Ray Donovan, gestor de catástrofes; por Jorge Carrión 640

Tony Soprano es –supuestamente– gestor de residuos y se pasa la serie apagando incendios. Ray Donovan, también vinculado con la actividad criminal, es más bien un gestor de catástrofes. Esa figura se ha impuesto, fundamental, en la serialidad última: el abogado en la frontera Saul Goodman de Breaking Bad, el jefe de campaña y de personal Eli Gold de The Good Wife o la experta en situaciones complicadas Olivia Pope de Scandal son algunas de sus variantes. Derecho, política y comunicación. Los clientes de Donovan son de lo más variopintos, pero tienen en común la condición de millonarios, que les permite costearse los servicios de alguien que puede sacarles de cualquier embrollo.
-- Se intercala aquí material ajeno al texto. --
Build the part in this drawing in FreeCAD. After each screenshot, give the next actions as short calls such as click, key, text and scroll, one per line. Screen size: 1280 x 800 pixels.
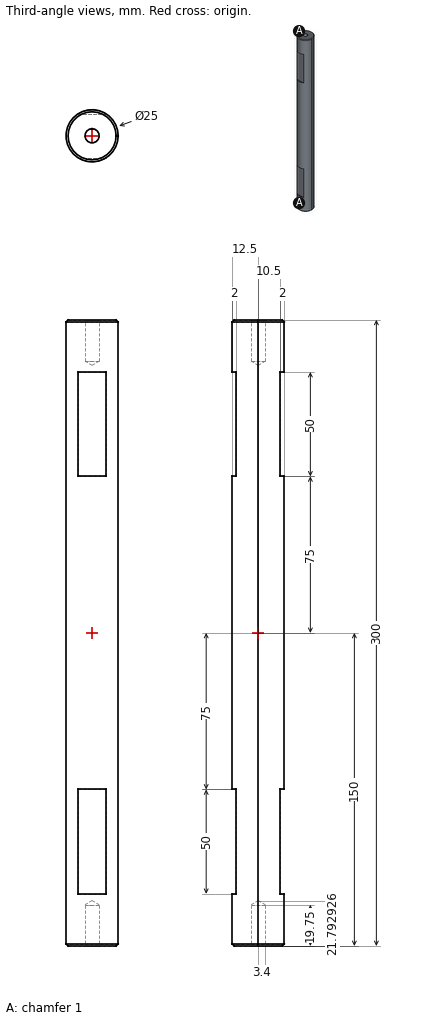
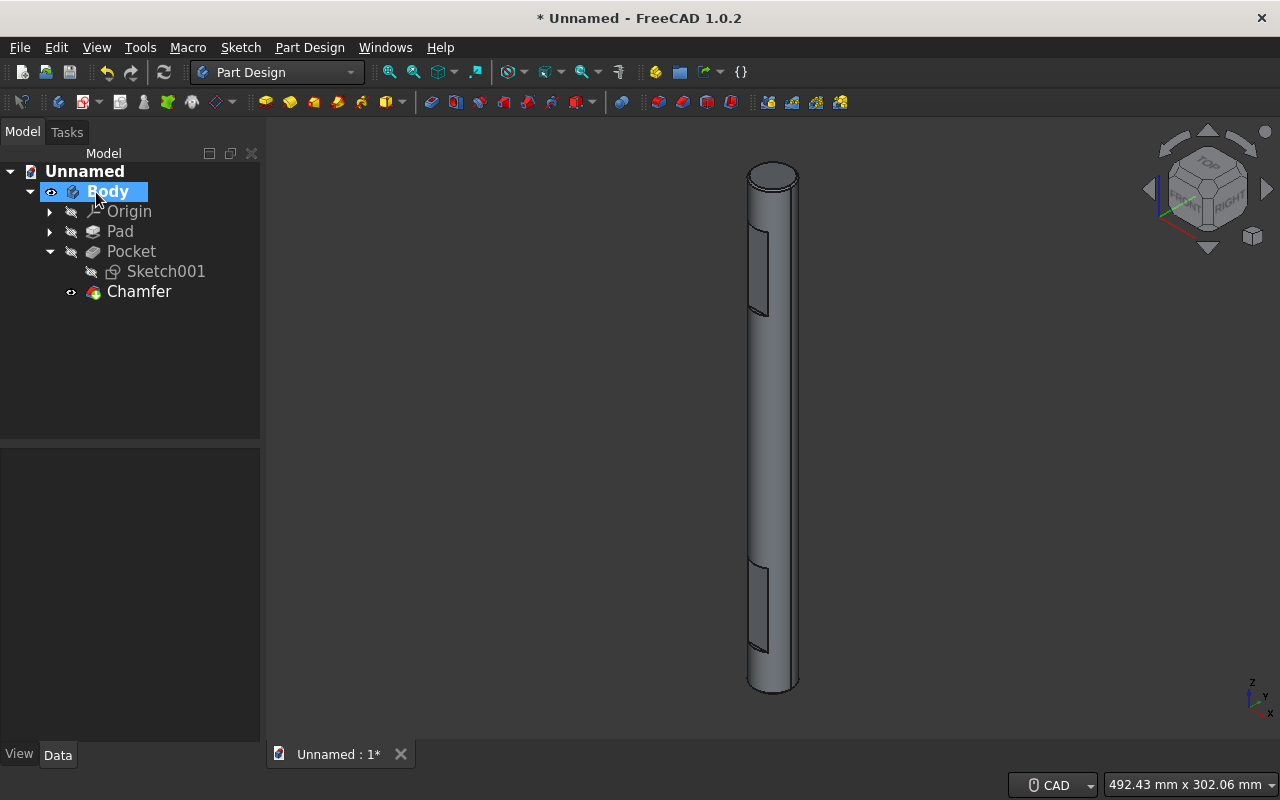
click(84, 102)

Una prostituta malherida en una noche de excesos, un acosador sexual, la millonaria que no quiere realizar el cuantioso donativo que prometió: no hay caso que no pueda solucionar mediante seguimiento, extorsión, amenaza, fotos comprometedoras, una paliza. El fixer llevado al extremo.

Teniendo en cuenta que el protagonista es un tipo muy duro, se esperaría que Ray Donovan fuera una serie de acción. Pero casi no hay tiroteos ni persecuciones. La segunda temporada comienza con un viaje del protagonista a México, donde se enzarza en una pelea de bar armado con un bate de béisbol. Una pelea que no vemos, porque está en elipsis. La tensión, en cambio, recorre los capítulos como vapor que brota del asfalto. Aunque sea un personaje de pocas palabras, sus conversaciones son de alto voltaje. Y, como ocurre en Los Soprano o en Breaking Bad, las más terribles casi siempre tienen que ver con la familia.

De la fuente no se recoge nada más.